FY23 annual report notes

Long term aim

  • Become global leader in the parenteral domain with a portfolio including nanoparticles, liposomes, microspheres, suspensions, and emulsions
  • Invest in vaccine platform, innovative aesthetic and neurological solutions, and novel immunotherapies for cancer treatment

New product development, launches & R&D

  • Launched 20 generic products in FY23 with 10 more to be commercialized soon
  • 22 new products are in development phase
  • Received DCGI approval for manufacturing and marketing of Biapenem Dual Chamber IV Bag
  • Launched Ceftazidime + Avibactam – received good response
  • Launched Dydrogesterone - was very successful. Working on Sustained Release Tablet form of Dydrogesterone
  • Launched new Zinc based multivitamin & multimineral formulation to augment mass market division
  • Will launch novel Oral form of Isavuconazole for treatment of invasive aspergillosis
  • Will launch novel analgesic - Polmacoxib (Stellar division) for osteoarthritic pain.

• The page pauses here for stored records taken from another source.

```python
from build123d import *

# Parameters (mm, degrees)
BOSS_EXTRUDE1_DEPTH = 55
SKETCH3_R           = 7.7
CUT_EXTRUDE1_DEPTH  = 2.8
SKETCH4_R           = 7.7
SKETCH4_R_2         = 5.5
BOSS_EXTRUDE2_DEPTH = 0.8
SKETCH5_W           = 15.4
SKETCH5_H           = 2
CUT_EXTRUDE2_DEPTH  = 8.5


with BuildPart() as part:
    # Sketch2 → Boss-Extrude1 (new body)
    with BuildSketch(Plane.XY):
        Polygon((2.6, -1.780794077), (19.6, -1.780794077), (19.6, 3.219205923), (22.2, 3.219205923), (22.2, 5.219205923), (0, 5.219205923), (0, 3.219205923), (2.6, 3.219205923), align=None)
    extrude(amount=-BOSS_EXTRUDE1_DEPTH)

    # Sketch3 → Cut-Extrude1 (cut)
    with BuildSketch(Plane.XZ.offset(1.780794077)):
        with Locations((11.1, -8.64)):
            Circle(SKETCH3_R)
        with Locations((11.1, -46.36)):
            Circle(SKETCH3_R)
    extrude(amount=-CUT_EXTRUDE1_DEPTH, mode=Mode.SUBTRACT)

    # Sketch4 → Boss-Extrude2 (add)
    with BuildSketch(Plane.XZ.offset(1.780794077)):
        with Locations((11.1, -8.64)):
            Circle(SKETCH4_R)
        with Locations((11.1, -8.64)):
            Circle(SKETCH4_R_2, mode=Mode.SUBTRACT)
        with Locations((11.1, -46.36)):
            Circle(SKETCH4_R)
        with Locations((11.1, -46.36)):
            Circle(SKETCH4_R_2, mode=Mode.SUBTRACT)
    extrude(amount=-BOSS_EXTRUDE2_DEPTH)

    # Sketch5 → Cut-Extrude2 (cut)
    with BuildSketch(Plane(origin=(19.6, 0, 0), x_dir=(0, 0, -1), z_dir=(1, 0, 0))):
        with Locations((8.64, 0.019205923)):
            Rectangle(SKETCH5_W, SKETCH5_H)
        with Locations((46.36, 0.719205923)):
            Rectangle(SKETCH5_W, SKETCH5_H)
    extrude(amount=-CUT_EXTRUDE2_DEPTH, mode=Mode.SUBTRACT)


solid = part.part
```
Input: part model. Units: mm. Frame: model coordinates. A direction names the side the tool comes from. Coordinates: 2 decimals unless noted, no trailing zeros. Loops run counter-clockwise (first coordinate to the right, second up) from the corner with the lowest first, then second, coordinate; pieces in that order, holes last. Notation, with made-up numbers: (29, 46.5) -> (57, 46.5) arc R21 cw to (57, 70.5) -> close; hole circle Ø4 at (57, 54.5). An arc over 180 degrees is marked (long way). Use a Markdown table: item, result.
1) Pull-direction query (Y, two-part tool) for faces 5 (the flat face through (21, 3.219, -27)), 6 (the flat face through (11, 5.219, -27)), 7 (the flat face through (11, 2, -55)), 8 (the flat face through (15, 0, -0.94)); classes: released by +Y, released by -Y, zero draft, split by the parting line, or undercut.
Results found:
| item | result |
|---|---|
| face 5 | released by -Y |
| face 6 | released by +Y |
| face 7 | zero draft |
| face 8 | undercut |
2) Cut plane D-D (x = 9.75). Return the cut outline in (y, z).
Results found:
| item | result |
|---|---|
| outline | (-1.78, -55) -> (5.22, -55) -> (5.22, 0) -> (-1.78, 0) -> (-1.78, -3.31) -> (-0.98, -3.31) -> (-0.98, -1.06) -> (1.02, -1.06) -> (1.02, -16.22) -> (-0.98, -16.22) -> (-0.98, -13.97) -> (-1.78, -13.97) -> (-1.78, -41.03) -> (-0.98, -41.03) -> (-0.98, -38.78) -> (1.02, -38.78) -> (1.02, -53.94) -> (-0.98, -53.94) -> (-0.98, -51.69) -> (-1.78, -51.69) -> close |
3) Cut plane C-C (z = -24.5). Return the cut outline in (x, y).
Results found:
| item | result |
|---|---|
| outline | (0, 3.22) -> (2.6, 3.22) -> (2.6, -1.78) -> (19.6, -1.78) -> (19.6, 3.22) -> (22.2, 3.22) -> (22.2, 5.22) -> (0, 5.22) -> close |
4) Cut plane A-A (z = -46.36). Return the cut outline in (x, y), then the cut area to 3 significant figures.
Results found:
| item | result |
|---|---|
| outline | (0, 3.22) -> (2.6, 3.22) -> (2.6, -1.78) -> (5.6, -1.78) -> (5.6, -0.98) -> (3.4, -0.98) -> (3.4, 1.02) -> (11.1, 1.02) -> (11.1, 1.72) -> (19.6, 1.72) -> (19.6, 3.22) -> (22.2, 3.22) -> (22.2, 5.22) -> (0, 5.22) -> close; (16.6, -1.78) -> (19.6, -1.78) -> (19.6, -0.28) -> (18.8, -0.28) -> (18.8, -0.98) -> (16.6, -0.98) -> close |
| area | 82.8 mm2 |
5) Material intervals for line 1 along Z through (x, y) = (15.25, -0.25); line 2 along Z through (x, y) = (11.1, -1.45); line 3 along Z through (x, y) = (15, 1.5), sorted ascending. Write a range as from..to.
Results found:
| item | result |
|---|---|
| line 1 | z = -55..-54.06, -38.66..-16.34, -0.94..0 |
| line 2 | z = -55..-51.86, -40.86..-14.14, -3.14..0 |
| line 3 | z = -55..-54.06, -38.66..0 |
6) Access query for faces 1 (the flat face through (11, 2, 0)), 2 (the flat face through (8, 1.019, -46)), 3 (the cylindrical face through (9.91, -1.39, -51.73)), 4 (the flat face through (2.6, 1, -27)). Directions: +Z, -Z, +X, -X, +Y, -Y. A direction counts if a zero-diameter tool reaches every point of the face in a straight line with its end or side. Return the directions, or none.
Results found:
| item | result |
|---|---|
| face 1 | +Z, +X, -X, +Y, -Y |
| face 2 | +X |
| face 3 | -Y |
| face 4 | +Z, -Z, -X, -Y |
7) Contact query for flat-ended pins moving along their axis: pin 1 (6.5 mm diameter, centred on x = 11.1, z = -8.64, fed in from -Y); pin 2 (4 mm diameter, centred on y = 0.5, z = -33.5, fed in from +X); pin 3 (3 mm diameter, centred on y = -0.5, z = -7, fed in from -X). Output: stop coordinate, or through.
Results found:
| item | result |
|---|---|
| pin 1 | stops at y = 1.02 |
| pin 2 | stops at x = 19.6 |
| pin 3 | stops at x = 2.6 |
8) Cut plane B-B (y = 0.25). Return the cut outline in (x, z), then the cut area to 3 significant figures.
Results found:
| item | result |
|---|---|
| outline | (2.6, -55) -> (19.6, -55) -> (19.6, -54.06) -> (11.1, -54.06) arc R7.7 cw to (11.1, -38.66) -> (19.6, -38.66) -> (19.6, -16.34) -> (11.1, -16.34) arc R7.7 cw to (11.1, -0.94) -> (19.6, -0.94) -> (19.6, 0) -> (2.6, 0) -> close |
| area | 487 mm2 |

Also plan to launch combinations of Polmacoxib with a muscle relaxant
  • Will launch moisturizing agents, anti-aging, Hyperpigmentation, Sunscreen agents in Aesthaderm
  • Will launch a novel once-a-week anti-infective – Dalbavancin for 1st time in India (received marketing authorization from DCGI)
  • Initiated registration for a range of Hyaluronic Acid based Dermal fillers to complement and augment product basket in aesthaderm
  • Received approval for Anaesthetic product Prilocaine for supply to China
  • On verge of a break-through in development of an innovative topical formulation of Botulinum Toxin which will be launched very soon
  • Initiated trial of a new product made from an Indian gum resin by a standardized extraction process for use asthma management. Clinical trial will be completed in FY24
  • Looking to expand market penetration for Enoxaparin within the infertility segment
  • Imported technology: Penem in dual chamber and super purified menotropin
  • R&D: 7.3 cr. (vs 7.1 cr. in FY22). Capital expenditure of 2.1 cr. (vs 2.6 cr. in FY22) & revenue expenditure of 5.2 cr. (vs 4.4 cr. in FY22)
  • Installed high-capacity lyophilizers to increase batch sizes, reduce processing times in lyophilization cycles and extend shelf life of products
  • Lyophilized products span therapeutic areas, including Antibiotics, Antifungals, Cardiac, Infertility treatments, Antiviral solutions and proton-pump inhibitors (PPIs)

Company developments

  • Maintained leadership position in lyophilized injectable products in Anti-fungal and Anti-bacterial segments
  • Hospital reach: 1500+, field force: 1000+
  • Surveyed 8000+ hospitals and started supplies in few of these
  • Regained business in infertility segment that was lost during COVID-19. Focus is on building brands within Hormonal category (HMG, HCG including most potent form of HMG which reduces chance of failures of IVF cycles) and offer newer drugs and newer drug delivery systems with PFS (Pre-filled Syringes) and DCS (Dual Chamber Syringes)
  • Stunnox gained momentum to reach amongst top 2 brands
  • Completed a split face clinical trial between Stunnox and Botox
  • Gufic’s brand of Boswellia Serrata continues to retain leadership through brand Sallaki
  • Arisia completed training of 50+ Gynaecologists in cosmetic gynaecology using toxin, fillers and FDA approved energy based devices. Arisia also trained 20+ Dermatologists and 10+ Neurologists in advanced techniques of using botulinum toxin injections in various aesthetic and neurological indications
  • Auto-loading and unloading technology for lyophilized products ensured no human intervention during manufacturing process at Navsari
  • APIs will largely be used captively

Capex (187.6 cr. vs 87.45 cr. in FY22)

  • Validation of Indore facility will be completed by H2FY24
  • Operational launch of Indore facility is scheduled in October 2023, with revenue contribution from Q3FY24
  • Capital advances: 55.87 cr. (vs 34.32 cr. in FY22)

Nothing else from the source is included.